J: And it doesn’t seem to me he knows his bondsister any more than he knows his wife or that particular woman he was keeping on the side. But while I’m talking about her again, let me just say I’m sick of random suicides! Meant to like.. teach the main character something? Or something? Though it doesn’t seem to have worked in this case. He’s still ready to share some dope with whoever he can coerce into it.

K: Yes, he pretty much writes it off as a character weakness in her. He feels bad about it, but he seems pretty able to rationalize it in his head with ‘if only he’d known she was so fragile, he could have saved her’. Except, uh, you should have known that dude. You’ve known her for years and you were just inside her head.

J: Seriously. Maybe ‘I’ is exactly right. It was always only about him, and the drug isn’t so much about sharing with other people, it’s about making sure he shoves his worldview down everyone’s throat. Like, you think I’m only a younger son of a septarch, but I’ll make myself the most important person on the planet.

K: He definitely has that attitude. And not in a humble, messiah sort of way, even though it seems like he’s being cast in that role. Or rather, he’s making quite an effort to put himself in that role. But I’m sorry, dude, you can’t make yourself a martyr just because you think you’d be an awesome one.

J: *laugh* Yea. Exactly.

K: Getting back to things that didn’t seem particularly well thought out. I started to wonder very early on if this concept would work in a language which has a wider variety of personal pronouns. English has a very limited set, which is why people are constantly trying to invent new ones. But a language like Japanese, where I can think of 7 words for ‘I’ off the top of my head, all with their own nuances — how the heck would you even really translate this?

J: ‘One’ is a particularly interesting pronoun. I was reading a nonfiction book right after this and the author used ‘one’ and then in the same sentence used ‘my’ meaning.. yea, he was really the ‘one’ he was talking about. I wonder what languages it was translated into. I don’t know an easy way to check that. Wikipedia and ISFDB didn’t tell me, except that it seems to have been published in French. Mais le francais a ‘on’, alors c’est facil. In fact I think the French use ‘on’ more often than we use ‘one’, so maybe it didn’t even seem so weird.
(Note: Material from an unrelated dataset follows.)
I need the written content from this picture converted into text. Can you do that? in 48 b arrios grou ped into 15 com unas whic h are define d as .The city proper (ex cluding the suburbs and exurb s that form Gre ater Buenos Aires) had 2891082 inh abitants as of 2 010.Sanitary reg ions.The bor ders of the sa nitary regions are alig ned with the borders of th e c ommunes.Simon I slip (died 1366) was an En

K: It would probably have been more striking if Silverberg had omitted the whole ‘one’ business and gone with what showed up very briefly during Kinnal’s abortive visit to Glin — which is to speak without even mentioning yourself at all. Not even the copout ‘one’.

J: Yea, ‘one’ is definitely a copout. There are ways to use it where it isn’t a direct substitute for ‘I’, but mostly he didn’t do that.

K: Not at all. So in the end it didn’t really matter that they weren’t using one particular word, they were still referring to themselves directly.

J: It was actually jarring to me when they had no problem with ‘you’. It seemed to say.. hey, there’s a self, right there in front of me.

K: Yes! I noticed that too. More evidence of poor followthrough in the concept, or was it meant to be some kind of commentary on how an individual could acknowledge the existence of other people, just not themselves?

J: I don’t have faith it was meant like that. I feel like he thought ‘Let’s not use I’ and then stuck to that as he built up this society around it, without really thinking through the ‘we’ and ‘you’ at all.

K: I’m inclined to agree.

J: In the end, I think it’s a pretty forgettable book. And the title doesn’t help either. Unless I start thinking of it as the Menopause Book, I’m not going to remember it.

K: Ha ha ha. Yes, the title is pretty poor. There really didn’t seem to be much changing going on. No matter how many times we were told that Kinnal was shocked by the use of ‘I’ or was being a daring rebel, I never felt convinced he was any different than he always was. And in any case, I can feel the plot of this one already slipping into the plot of Left Hand, so little does it stand out in my mind on its own merits.